2.13. Mimese permanente

Sabemos que, nos nossos dias como no século XX, existe um segmento relevante das audiências que se reconhece e se identifica com o teatro não-dramático ou com aquilo a que, na sequência de Lehmann, temos vindo a chamar o pós-dramático. Esse público, possivelmente mais esclarecido, reconhece e identifica-se com os mecanismos de distanciação utilizados nas visões, muito diferentes entre si, de Brecht, Foreman ou La Compte, e reconhece aqueles mecanismos como formas de chegar à verdade artística. Mas esta identificação, que é histórica, não é incompatível com o entendimento lato de mimese que defendemos e que atribuímos a Aristóteles. Pelo contrário, os objectivos de empatia e catarse descritos por Aristóteles podem ainda reconhecer-se hoje, inclusive nas mais variadas expressões artísticas do século XXI. Cremos por isso que nas artes os mecanismos de empatia do público são sempre necessários, até, ironicamente, para fazer aceitar os mecanismos da distanciação. Podemos afirmar que existe sempre empatia, e que a causa dessa existência é, como defendeu Aristóteles, “natural”. De facto, mesmo Artaud aderiu, se identificou, e se emocionou com o Teatro de Bali que viu pela primeira vez em Paris. A visão de teatro que esses espectáculos nele despoletaram resulta incontestavelmente de uma adesão empática e por isso,

profundamente catártica. Brecht também procurou essa espécie de verdade, insistindo das mais variadas formas na atenção dos espectadores para o mundo em que vivem, e na

53 importância de os levar a reflectir, a olhar para os factos de diferentes pontos de vista, a pôr questões, a interrogar as evidências. Não existe nesta perspectiva uma diferença fundamental entre os propósitos de Artaud e de Brecht e aquilo que Stanislavski dizia ser o objectivo fundamental do actor em relação aos espectadores: “tocá-los

profundamente”. Por muito diferentes que sejam, e são, as suas concepções de teatro e os seus objectivos, os efeitos sobre espectador permanecem uma preocupação comum e sobretudo uma sua condição necessária.
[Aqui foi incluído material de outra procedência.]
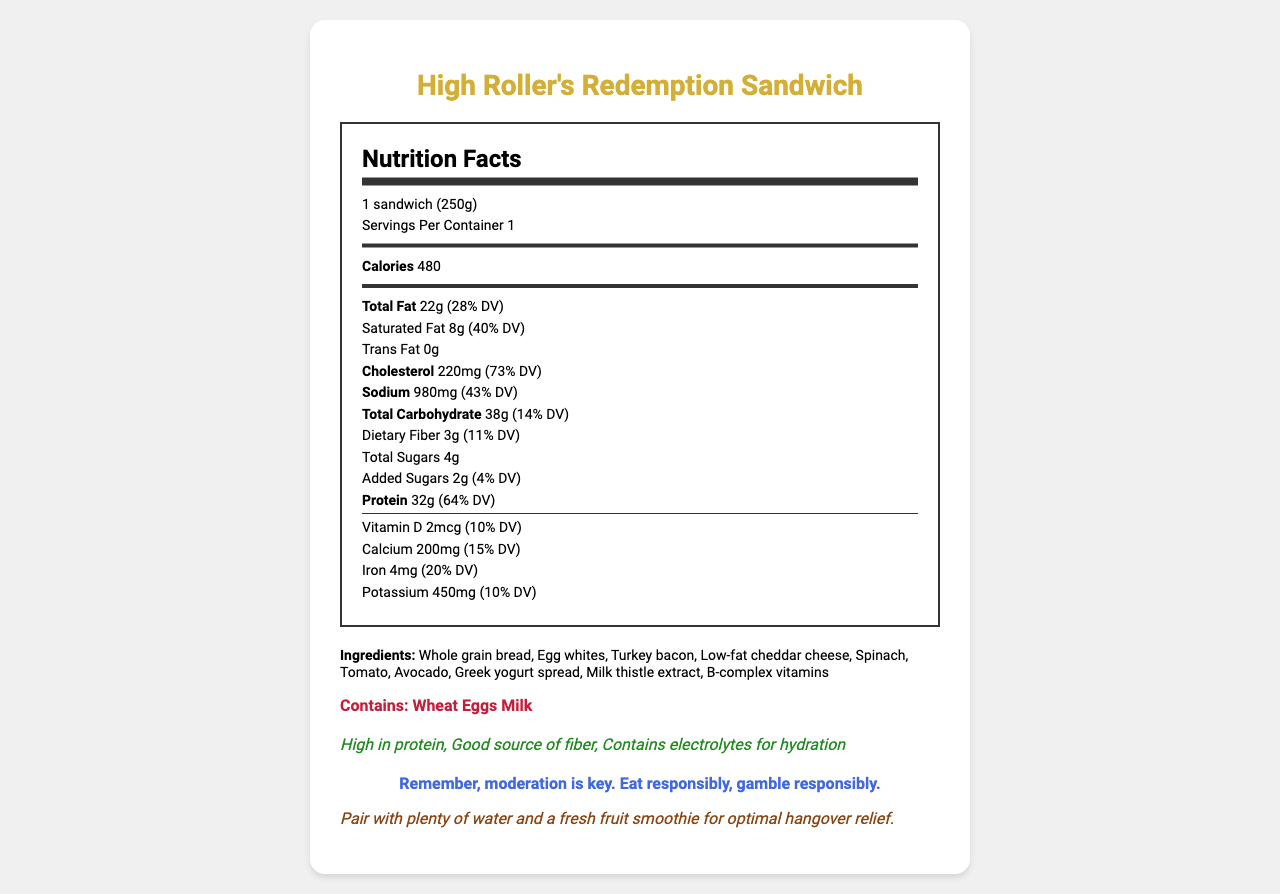what is the serving size of the High Roller's Redemption Sandwich? The serving size is specified as 1 sandwich (250g) in the document.
Answer: 1 sandwich (250g) how many calories are in one serving? The document states that there are 480 calories in one serving.
Answer: 480 calories what is the amount of protein in the sandwich? According to the Nutrition Facts, the sandwich contains 32g of protein.
Answer: 32g what are the main ingredients listed? The ingredients section lists these as the main ingredients.
Answer: Whole grain bread, Egg whites, Turkey bacon, Low-fat cheddar cheese, Spinach, Tomato, Avocado, Greek yogurt spread, Milk thistle extract, B-complex vitamins how much sodium is in the sandwich? The document specifies that there are 980mg of sodium in the sandwich.
Answer: 980mg what percentage of the daily value is the saturated fat content? A. 20% B. 30% C. 40% D. 50% The saturated fat content is listed as 8g, which is 40% of the daily value.
Answer: C. 40% which of the following is a listed allergen in the sandwich? A. Soy B. Wheat C. Soybeans D. Peanuts "Wheat" is mentioned as an allergen in the document.
Answer: B. Wheat does the sandwich contain any added sugars? The document lists 2g of added sugars.
Answer: Yes can the level of Vitamin C be determined from the document? The document does not contain information about the level of Vitamin C.
Answer: Cannot be determined summarize the main information provided in the document The document provides comprehensive nutritional information, ingredients, and additional messages for responsible eating and recovery.
Answer: The document is a detailed Nutritional Facts Label for "High Roller's Redemption Sandwich," a protein-rich, hangover-recovery breakfast sandwich. It includes nutritional details such as calories, fat, protein, and other nutrients, along with ingredients, allergens, health claims, a responsible gambling message, and a recovery tip. what is the serving size in grams? The serving size is provided as "1 sandwich (250g)", so the serving size in grams is 250g.
Answer: 250g what health claims are made about the sandwich? The health claims section lists these benefits specifically.
Answer: High in protein, Good source of fiber, Contains electrolytes for hydration how much dietary fiber does the sandwich contain? The document lists 3g of dietary fiber in the sandwich.
Answer: 3g does the sandwich contain any trans fat? The document shows that the sandwich contains 0g of trans fat.
Answer: No what should you pair with the sandwich for optimal hangover relief? The recovery tip suggests pairing it with plenty of water and a fresh fruit smoothie for optimal hangover relief.
Answer: Plenty of water and a fresh fruit smoothie

O teatro de Brecht, de Robert Wilson ou de Richard Foreman, como aliás a pintura não- figurativa de Mondrian ou de Rothko, propõem em em todos os casos visões artísticas que requerem formas de reconhecimento, seja ‘reconhecimento’ definido como realidade intelectual ou como realidade sensorial. Nunca poderemos eliminar da nossa noção de arte, e da própria ideia de arte, a interacção dinâmica entre logos, discurso, e pathos, emoção. Como afirma Hans-Ulrich Gumbrecht, a arte, e por isso a experiência estética, oscila por definição entre a produção de presença e a produção de sentido:

Se admitirmos que não existe experiência estética sem um efeito de presença e não há efeitos de presença sem que esteja em jogo a substância e se aceitarmos que o componente da presença na tensão ou oscilação que constitui a experiência estética nunca pode ser estabilizado, segue-se que sempre que um objecto da experiência estética surge e por momentos produz em nós essa sensação de intensidade, ela parece vir do nada. (2004:141)
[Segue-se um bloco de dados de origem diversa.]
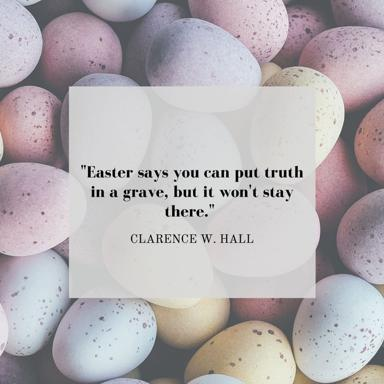What might the placement of the eggs suggest about the interpretation of the quote? The arrangement of the eggs in the image, with some partially obscured and others fully visible, could symbolize the fluctuating visibility of truth. Just as some eggs are not immediately noticeable, truth too can sometimes be hidden or obscured, yet not permanently. The overall cluster of eggs implies unity and collective strength, reflecting the idea that truth, even when buried, will eventually come to light and prevail. This visualization subtly reinforces the enduring nature of truth as celebrated during Easter. 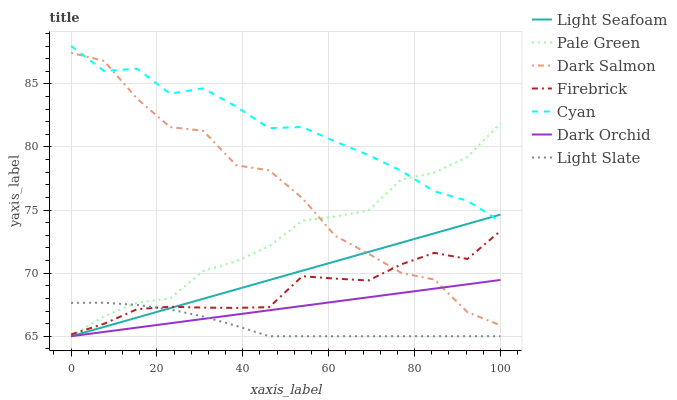Does Firebrick have the minimum area under the curve?
Answer yes or no. No. Does Firebrick have the maximum area under the curve?
Answer yes or no. No. Is Firebrick the smoothest?
Answer yes or no. No. Is Firebrick the roughest?
Answer yes or no. No. Does Firebrick have the lowest value?
Answer yes or no. No. Does Firebrick have the highest value?
Answer yes or no. No. Is Light Slate less than Dark Salmon?
Answer yes or no. Yes. Is Cyan greater than Firebrick?
Answer yes or no. Yes. Does Light Slate intersect Dark Salmon?
Answer yes or no. No. 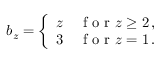Convert formula to latex. <formula><loc_0><loc_0><loc_500><loc_500>\begin{array} { r } { b _ { z } = \left \{ \begin{array} { l l } { z } & { f o r z \geq 2 \, , } \\ { 3 } & { f o r z = 1 \, . } \end{array} } \end{array}</formula> 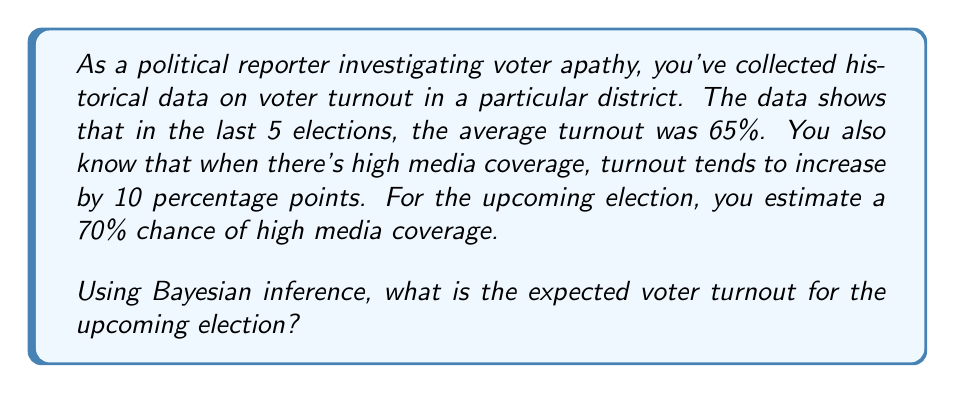Give your solution to this math problem. To solve this problem using Bayesian inference, we'll follow these steps:

1. Define our prior probability based on historical data.
2. Determine the likelihood of our new information.
3. Calculate the posterior probability using Bayes' theorem.

Let's break it down:

1. Prior probability:
   The average turnout in the last 5 elections was 65%. This is our prior probability.
   $P(\text{Turnout} = 65\%) = 0.65$

2. Likelihood:
   We know that high media coverage increases turnout by 10 percentage points.
   $P(\text{High Coverage} | \text{Turnout} = 75\%) = 0.7$
   $P(\text{Low Coverage} | \text{Turnout} = 65\%) = 0.3$

3. Posterior probability:
   We'll use Bayes' theorem to calculate the posterior probability:

   $$P(A|B) = \frac{P(B|A) \cdot P(A)}{P(B)}$$

   Where:
   A = Turnout is 75%
   B = High media coverage

   $$P(\text{Turnout} = 75\% | \text{High Coverage}) = \frac{P(\text{High Coverage} | \text{Turnout} = 75\%) \cdot P(\text{Turnout} = 75\%)}{P(\text{High Coverage})}$$

   We don't know $P(\text{Turnout} = 75\%)$ directly, but we can calculate it:
   $P(\text{Turnout} = 75\%) = 0.65 + (0.1 \cdot 0.7) = 0.72$

   Now we can calculate:
   $$P(\text{Turnout} = 75\% | \text{High Coverage}) = \frac{0.7 \cdot 0.72}{0.7} = 0.72$$

4. Expected voter turnout:
   To calculate the expected voter turnout, we use the weighted average:

   $E(\text{Turnout}) = 75\% \cdot P(\text{Turnout} = 75\% | \text{High Coverage}) + 65\% \cdot (1 - P(\text{Turnout} = 75\% | \text{High Coverage}))$
   
   $E(\text{Turnout}) = 0.75 \cdot 0.72 + 0.65 \cdot (1 - 0.72)$
   
   $E(\text{Turnout}) = 0.54 + 0.182 = 0.722$

Therefore, the expected voter turnout for the upcoming election is 72.2%.
Answer: 72.2%

Por mais fragmentários e anti-dramáticos que se proclamem, os teatros de Richard Foreman ou de Robert Wilson constituem expressões artísticas assentes num discurso articulado convincente e inegável, que requer formas de assentimento, e nessa medida de reconhecimento, por parte das suas audiências. Por essa razão, como afirma Gumbrecht,

. . . uma reflexão sobre a presença considerará pertinente e inevitável qualquer tradição conceptual, a começar pela filosofia de Aristóteles, que tenha a ver com

54 a substância e o espaço . . . [A] “produção de presença” não elimina a dimensão da interpretação e da produção de sentido. (2004:39)

A criação artística será assim nesta perspectiva expressão complementar e dialéctica entre um logos e de um pathos. Reconhecemos evidentemente aqui, a oposição entre apolíneo e dionisíaco, geradora da obra de arte, identificada famosamente por Nietzsche em O nascimento da tragédia.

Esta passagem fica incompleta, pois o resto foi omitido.